[ACTION ITEM] Search term "blocks": please copy every line of the records below that contains it.

[DATA]
___

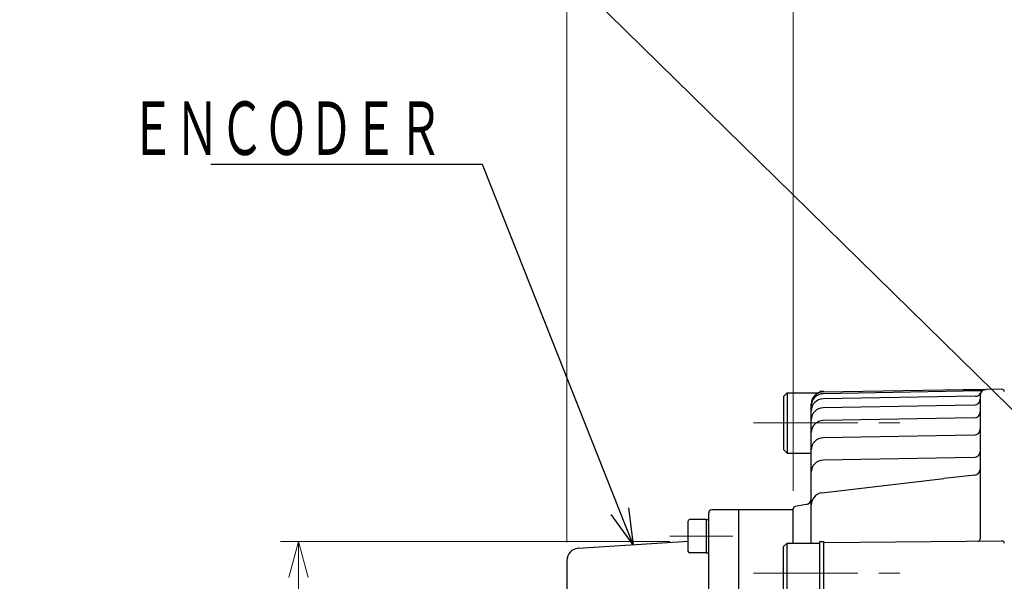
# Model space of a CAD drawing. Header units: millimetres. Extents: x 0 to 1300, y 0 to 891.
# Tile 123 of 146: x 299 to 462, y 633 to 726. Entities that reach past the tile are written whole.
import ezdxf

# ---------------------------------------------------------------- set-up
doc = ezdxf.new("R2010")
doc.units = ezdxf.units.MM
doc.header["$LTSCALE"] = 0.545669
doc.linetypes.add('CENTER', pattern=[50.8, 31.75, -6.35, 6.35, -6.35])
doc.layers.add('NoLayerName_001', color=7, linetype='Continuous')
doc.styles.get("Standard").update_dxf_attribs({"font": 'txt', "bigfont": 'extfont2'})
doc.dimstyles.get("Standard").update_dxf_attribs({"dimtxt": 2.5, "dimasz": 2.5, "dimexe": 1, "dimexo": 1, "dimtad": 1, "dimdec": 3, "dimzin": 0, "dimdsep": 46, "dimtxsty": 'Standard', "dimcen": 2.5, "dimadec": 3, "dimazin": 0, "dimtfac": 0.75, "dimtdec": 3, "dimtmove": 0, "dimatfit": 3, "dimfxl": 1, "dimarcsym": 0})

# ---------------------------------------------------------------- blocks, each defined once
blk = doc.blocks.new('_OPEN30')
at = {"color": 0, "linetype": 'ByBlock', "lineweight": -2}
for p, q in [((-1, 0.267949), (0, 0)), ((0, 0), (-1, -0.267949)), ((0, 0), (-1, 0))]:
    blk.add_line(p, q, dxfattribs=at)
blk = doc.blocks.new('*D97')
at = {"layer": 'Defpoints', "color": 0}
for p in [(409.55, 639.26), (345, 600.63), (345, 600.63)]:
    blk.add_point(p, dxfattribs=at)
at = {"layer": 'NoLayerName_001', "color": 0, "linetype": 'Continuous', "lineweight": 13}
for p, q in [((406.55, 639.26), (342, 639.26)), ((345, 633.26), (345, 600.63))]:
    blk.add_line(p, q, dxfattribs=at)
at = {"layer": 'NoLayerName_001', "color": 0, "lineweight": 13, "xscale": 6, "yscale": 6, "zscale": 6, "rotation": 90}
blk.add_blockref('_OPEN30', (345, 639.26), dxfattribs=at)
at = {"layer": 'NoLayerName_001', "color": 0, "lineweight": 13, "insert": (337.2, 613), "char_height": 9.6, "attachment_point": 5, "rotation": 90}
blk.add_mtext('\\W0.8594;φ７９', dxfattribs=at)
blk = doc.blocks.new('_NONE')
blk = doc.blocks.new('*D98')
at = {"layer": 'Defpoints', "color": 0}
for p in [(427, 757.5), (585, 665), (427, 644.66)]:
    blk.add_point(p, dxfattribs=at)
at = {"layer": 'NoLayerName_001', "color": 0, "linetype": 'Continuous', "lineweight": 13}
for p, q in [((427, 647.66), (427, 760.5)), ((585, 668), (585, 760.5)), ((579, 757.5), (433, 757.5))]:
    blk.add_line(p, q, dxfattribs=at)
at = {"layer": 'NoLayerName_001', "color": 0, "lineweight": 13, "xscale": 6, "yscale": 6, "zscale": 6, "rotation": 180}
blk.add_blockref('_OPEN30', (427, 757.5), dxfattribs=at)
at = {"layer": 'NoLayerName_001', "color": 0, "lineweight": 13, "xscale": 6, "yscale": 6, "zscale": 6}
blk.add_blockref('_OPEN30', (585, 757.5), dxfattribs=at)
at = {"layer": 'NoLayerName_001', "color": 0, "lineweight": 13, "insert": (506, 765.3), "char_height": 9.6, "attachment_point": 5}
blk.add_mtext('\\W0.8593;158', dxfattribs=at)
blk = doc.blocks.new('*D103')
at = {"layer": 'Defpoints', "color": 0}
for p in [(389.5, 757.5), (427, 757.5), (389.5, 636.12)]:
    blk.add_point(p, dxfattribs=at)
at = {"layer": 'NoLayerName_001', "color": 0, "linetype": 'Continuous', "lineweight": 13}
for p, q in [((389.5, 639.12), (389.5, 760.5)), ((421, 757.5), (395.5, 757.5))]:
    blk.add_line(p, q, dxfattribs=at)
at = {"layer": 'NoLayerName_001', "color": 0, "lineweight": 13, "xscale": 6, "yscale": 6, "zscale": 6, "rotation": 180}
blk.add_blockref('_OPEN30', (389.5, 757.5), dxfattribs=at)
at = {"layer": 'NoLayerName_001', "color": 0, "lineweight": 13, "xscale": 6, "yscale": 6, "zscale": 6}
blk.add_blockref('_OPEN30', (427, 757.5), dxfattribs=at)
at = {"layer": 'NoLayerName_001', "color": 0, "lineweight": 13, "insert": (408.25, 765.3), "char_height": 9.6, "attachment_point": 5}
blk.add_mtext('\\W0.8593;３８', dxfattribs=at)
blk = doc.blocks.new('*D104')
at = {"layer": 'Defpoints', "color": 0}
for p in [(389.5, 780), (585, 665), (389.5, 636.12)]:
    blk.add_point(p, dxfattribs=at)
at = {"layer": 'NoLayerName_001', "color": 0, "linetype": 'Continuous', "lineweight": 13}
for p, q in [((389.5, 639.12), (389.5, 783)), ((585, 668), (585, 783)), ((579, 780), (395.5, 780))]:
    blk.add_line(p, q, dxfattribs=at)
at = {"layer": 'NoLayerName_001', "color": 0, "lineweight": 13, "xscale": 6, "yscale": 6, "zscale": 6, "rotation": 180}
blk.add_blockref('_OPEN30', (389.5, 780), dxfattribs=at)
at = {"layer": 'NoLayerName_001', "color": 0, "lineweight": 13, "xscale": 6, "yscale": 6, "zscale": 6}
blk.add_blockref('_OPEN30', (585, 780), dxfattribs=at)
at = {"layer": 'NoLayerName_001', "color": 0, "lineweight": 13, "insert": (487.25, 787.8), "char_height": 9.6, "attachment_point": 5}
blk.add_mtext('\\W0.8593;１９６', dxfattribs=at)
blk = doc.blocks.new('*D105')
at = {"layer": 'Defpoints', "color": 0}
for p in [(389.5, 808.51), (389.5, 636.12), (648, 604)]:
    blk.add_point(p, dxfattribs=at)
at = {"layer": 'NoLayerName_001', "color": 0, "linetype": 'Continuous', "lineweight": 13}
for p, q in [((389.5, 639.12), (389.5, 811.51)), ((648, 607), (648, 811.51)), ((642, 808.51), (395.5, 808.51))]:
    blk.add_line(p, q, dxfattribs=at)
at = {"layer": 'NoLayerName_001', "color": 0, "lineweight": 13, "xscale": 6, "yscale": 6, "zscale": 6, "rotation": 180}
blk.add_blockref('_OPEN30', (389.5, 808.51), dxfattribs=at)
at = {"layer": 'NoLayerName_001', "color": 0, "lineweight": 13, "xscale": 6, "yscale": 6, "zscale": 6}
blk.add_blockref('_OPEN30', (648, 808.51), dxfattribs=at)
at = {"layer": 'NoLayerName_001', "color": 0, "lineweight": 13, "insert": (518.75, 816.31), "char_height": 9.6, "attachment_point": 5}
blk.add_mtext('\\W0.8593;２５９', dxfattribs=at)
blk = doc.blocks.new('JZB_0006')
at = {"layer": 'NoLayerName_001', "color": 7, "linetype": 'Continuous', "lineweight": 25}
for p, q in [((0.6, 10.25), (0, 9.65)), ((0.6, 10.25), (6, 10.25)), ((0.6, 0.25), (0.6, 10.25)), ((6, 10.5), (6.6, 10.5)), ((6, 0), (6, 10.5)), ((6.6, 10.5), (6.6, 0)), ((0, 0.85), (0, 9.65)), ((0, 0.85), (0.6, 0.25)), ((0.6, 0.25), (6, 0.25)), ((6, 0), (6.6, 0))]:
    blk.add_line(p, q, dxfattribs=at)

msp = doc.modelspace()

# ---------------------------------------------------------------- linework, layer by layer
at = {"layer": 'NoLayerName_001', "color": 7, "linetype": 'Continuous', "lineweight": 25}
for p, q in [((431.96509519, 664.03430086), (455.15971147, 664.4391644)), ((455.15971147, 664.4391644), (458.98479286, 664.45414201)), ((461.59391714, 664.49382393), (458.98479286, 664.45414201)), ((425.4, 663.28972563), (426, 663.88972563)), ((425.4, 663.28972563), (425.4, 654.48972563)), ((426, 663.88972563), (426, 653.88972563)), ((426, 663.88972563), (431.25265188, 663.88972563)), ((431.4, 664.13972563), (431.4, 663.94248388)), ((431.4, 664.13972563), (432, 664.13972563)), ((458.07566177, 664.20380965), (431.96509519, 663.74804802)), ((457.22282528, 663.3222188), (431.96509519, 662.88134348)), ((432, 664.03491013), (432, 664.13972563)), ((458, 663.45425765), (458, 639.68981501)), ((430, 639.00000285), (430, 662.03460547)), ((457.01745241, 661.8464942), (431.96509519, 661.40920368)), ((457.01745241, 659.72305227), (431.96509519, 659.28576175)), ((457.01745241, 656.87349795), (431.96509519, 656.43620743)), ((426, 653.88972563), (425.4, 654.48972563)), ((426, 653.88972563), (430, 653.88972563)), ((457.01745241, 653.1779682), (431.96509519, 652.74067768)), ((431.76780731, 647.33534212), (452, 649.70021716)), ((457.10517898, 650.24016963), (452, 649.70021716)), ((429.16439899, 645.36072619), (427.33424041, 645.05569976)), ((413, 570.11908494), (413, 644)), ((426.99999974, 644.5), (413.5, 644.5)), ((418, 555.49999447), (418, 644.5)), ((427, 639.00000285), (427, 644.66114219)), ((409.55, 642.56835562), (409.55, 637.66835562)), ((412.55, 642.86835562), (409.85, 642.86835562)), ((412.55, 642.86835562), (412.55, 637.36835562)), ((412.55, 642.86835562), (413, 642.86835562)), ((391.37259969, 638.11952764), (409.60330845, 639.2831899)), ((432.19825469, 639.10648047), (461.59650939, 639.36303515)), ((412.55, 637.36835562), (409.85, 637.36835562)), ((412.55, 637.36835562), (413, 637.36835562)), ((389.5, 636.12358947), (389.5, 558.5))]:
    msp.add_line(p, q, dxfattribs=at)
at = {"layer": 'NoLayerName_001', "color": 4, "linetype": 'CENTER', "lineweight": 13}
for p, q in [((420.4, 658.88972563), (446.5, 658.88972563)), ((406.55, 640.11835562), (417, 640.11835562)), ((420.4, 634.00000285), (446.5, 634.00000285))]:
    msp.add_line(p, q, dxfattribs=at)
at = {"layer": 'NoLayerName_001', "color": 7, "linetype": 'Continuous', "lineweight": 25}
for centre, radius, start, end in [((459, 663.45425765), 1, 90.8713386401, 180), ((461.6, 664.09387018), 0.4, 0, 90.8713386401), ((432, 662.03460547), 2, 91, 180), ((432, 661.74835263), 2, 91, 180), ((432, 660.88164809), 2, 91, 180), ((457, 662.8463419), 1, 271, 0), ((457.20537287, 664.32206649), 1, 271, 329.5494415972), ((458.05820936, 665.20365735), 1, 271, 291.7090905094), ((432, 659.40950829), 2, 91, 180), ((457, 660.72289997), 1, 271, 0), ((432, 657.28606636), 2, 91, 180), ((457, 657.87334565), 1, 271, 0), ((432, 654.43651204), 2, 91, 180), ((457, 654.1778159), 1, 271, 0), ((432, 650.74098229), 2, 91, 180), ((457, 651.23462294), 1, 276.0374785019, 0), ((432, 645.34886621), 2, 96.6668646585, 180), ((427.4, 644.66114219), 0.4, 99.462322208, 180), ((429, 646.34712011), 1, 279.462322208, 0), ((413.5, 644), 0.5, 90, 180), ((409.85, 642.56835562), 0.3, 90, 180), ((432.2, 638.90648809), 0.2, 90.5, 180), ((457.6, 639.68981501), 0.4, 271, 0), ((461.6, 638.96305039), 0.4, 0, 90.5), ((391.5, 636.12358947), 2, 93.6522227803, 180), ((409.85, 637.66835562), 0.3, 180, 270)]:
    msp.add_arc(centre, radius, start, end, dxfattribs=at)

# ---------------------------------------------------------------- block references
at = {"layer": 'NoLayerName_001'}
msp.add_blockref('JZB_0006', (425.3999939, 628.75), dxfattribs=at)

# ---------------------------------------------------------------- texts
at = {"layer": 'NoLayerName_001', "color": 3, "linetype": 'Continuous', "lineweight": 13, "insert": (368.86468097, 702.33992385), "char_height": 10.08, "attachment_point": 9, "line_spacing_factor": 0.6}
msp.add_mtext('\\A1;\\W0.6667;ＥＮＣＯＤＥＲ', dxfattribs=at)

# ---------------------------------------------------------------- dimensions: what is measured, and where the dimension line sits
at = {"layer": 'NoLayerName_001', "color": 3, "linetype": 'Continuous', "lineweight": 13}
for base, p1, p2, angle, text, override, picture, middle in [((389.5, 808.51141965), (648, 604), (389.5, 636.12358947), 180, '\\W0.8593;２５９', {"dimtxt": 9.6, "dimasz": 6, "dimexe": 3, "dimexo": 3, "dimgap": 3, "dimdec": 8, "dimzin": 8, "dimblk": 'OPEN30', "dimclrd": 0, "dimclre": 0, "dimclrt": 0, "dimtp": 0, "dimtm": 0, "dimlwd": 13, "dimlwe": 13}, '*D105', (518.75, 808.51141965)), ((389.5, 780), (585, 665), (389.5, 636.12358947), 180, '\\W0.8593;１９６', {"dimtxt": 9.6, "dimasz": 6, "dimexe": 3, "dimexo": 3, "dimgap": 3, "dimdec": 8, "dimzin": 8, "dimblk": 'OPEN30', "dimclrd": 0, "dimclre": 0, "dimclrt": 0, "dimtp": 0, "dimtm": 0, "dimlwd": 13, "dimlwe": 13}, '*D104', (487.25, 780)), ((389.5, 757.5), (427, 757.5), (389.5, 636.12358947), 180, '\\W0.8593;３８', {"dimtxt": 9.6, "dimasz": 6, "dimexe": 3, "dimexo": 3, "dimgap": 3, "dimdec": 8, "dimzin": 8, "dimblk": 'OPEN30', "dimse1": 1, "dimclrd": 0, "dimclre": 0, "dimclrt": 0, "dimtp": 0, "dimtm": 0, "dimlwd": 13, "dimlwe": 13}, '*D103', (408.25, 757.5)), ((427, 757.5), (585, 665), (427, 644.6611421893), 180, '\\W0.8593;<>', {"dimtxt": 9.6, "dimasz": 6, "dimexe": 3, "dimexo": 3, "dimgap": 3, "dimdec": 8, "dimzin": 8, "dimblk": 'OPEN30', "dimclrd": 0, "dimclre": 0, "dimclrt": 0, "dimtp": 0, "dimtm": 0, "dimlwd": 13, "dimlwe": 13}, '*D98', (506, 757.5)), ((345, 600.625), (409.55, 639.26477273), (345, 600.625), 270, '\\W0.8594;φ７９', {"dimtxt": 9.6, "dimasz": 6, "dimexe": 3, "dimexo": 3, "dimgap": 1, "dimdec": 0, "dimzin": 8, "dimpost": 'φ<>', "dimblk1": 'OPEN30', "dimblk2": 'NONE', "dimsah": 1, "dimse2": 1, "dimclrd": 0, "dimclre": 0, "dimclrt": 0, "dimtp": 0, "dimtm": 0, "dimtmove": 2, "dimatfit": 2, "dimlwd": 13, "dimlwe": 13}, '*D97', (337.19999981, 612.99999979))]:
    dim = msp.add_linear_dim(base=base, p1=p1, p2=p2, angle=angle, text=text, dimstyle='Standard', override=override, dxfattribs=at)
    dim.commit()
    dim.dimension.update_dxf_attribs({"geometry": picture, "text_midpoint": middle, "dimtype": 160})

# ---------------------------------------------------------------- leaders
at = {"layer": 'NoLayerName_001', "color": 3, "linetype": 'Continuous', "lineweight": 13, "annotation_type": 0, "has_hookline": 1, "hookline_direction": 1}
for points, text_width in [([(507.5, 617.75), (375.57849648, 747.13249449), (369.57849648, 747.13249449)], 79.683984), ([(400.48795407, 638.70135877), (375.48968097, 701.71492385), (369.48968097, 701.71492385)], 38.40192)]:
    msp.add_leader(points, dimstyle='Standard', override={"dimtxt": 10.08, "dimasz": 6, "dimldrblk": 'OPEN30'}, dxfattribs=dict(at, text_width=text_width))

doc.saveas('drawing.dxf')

___

[RESULT OF THE EXERCISE]
# ---------------------------------------------------------------- blocks, each defined once
blk = doc.blocks.new('_OPEN30')
blk = doc.blocks.new('*D97')
blk = doc.blocks.new('_NONE')
blk = doc.blocks.new('*D98')
blk = doc.blocks.new('*D103')
blk = doc.blocks.new('*D104')
blk = doc.blocks.new('*D105')
blk = doc.blocks.new('JZB_0006')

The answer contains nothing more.